14 of 14 people found the following review helpful:
4.0 out of 5 stars We'll Anchor By and By..., July 25, 2008
By 
Amazon Verified Purchase(What's this?)
This review is from: Stand the Storm: A Novel (Hardcover)
Breena Clarke's Stand the Storm centers on the story of "Sewing Annie" Coats and her son, Gabriel, expert tailors who manage to purchase their freedom at the cost of entering a less than lucrative business arrangement with their former owner. Nonetheless, hard work and thriftiness allow them to purchase Ellen (Annie's equally talented daughter) and her daughter, Delia. Prosperity reigns but the clan is happy for only a short while. The threat of re-enslavement looms at every corner as the reality of the times are made clear with the risk of being illegally captured by "pinchers" and sold South never to be seen again. There was also the ever-changing laws and complicated slave/freeman policies that deceitful slave owners misuse to extort and exploit freemen, not to mention the nerve-wrecking uncertainty of their status living in a district surrounded by slaveholding states as the country enters the Civil War.

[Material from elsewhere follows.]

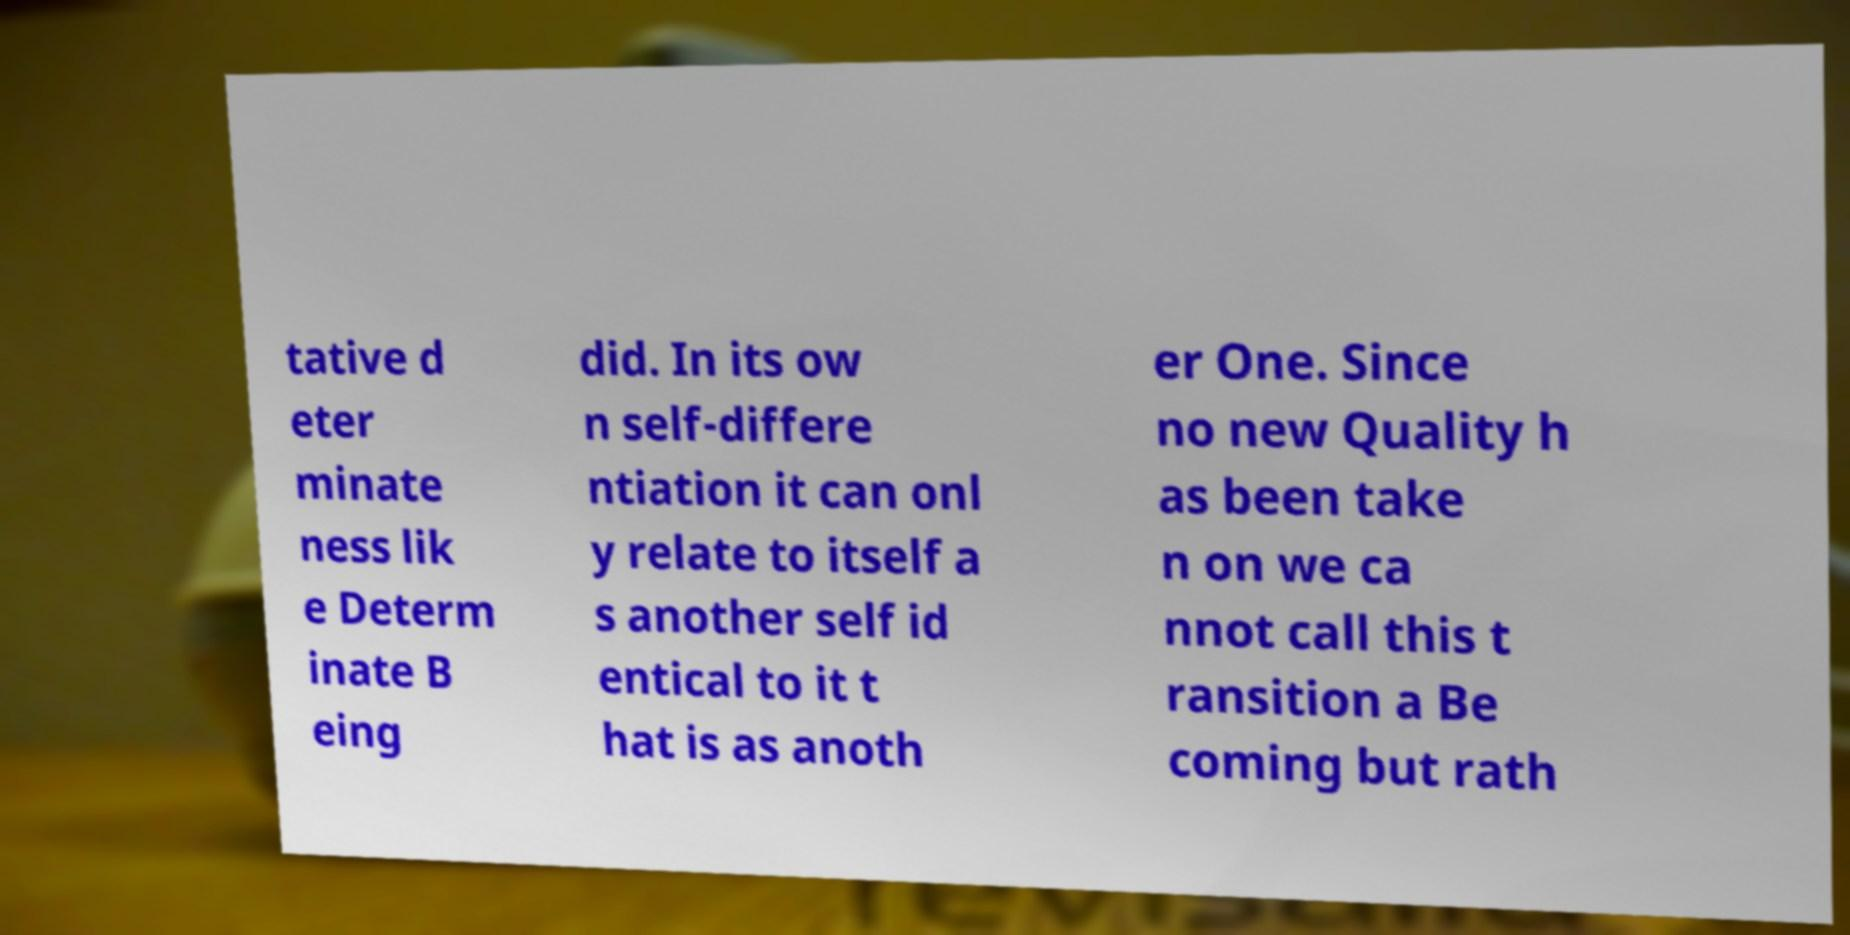Can you accurately transcribe the text from the provided image for me? tative d eter minate ness lik e Determ inate B eing did. In its ow n self-differe ntiation it can onl y relate to itself a s another self id entical to it t hat is as anoth er One. Since no new Quality h as been take n on we ca nnot call this t ransition a Be coming but rath

The history lessons are supplemented with interludes of courtship and conflict featuring some colorful, charismatic and lovable, yet sympathetic characters who serve as love interests and arch nemeses for Annie and Gabriel. Luck and courage are also factors in their adventures propelling the "freedom train." Their industrious and ingenious survival skills are demonstrated during their humiliating encounters with whites and other undesirables. Unsurprisingly, for a story rooted in this era, the ugliness of racism and sexism are a given and Clarke does not skirt the realities of the degrading, violent sexual abuse that women and children of color endured at the hands of slavers, owners, or any white male in a position of authority. However, through Delia, the author broaches the sensitivities of colorism and the complications that it brings to the Coats's household.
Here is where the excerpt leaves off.